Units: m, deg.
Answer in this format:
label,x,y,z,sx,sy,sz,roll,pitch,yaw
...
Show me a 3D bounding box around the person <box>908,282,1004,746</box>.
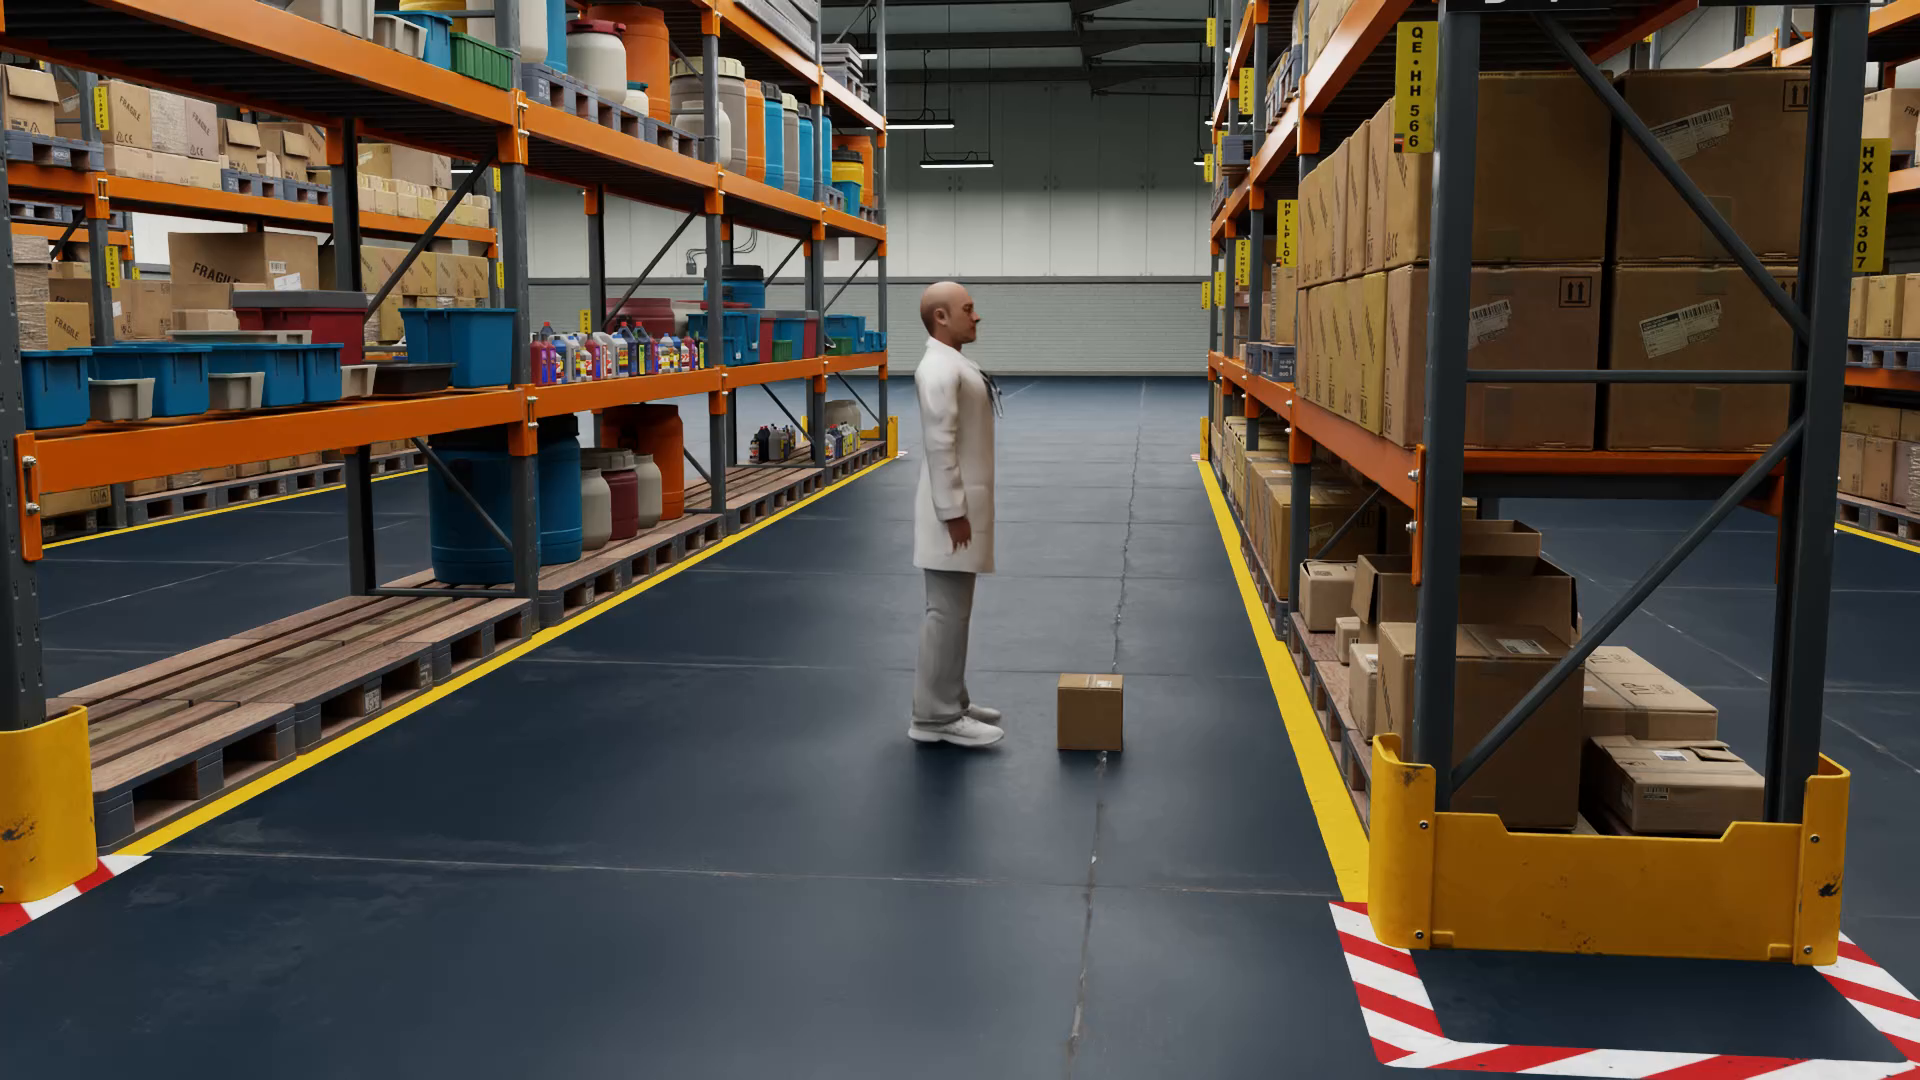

━━━━━━━━━━━━━━━━

_What is being asked:_ Repeat the records above verbatim. Include none of the pictures.

_Task solution:_
Units: m, deg.
Answer in this format:
label,x,y,z,sx,sy,sz,roll,pitch,yaw
...
Show me a 3D bounding box around the person <box>908,282,1004,746</box>.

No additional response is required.